The reality that Anysphere is locked between a rock and a hard place. The rock is that the current technology, as imperfect as it is, is expensive to operate and it would be tough for Anysphere to make a profit on anything below $200/month under heavy load. The hard place is that the large majority of their users (by count) are non-technical hobbyists who are leveraging Cursor as much as they can to crank out mediocre software projects. Because the tool is imperfect, these users struggle and thus send far more LLM requests than they would need at a higher skill level.

What’s likely to happen next? The way I predict it is that Anysphere (probably like all the others in the field) will move in two directions simultaneously. I think they will indeed raise their prices, which will cause a significant number of users to “fall off” because they can’t afford more than $20/month. (For most of the world, $20/month is a luxury.) I also think they will develop strategies to ween low-skill users off LLMs for code generation, to reduce load. Maybe they will partner with (or acquire) other products like “low-code” tooling.
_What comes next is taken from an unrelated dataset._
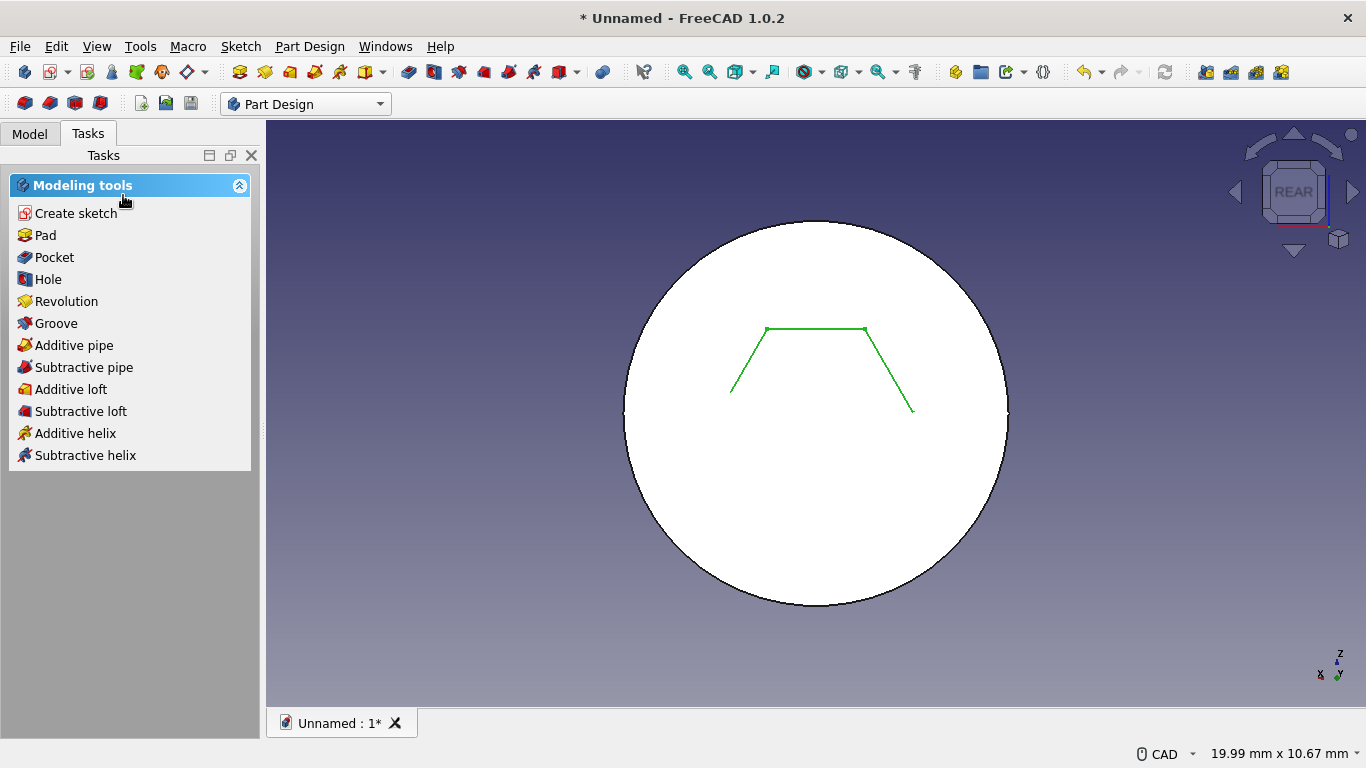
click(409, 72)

This line of thought slightly worries me. If we draw this potential future further, we see a growing gap between the AI “haves” and “have-nots”. People who already have system skills will see their productivity multiplied and earn enough to pay the exorbitant price of their tools; people who don’t will be left out, unable to afford the tooling. Wars have been fought over less than that.

Perhaps, the more optimistic future would be to see a resurgence of schooling materials to teach low-skill users when is and is not a good time to ask a LLM for help, so they can reduce their usage-based expenses to just what they can’t solve in other ways. This schooling might even become a cottage industry for intermediate-skill users. Maybe there are opportunities here to redefine the essence of education.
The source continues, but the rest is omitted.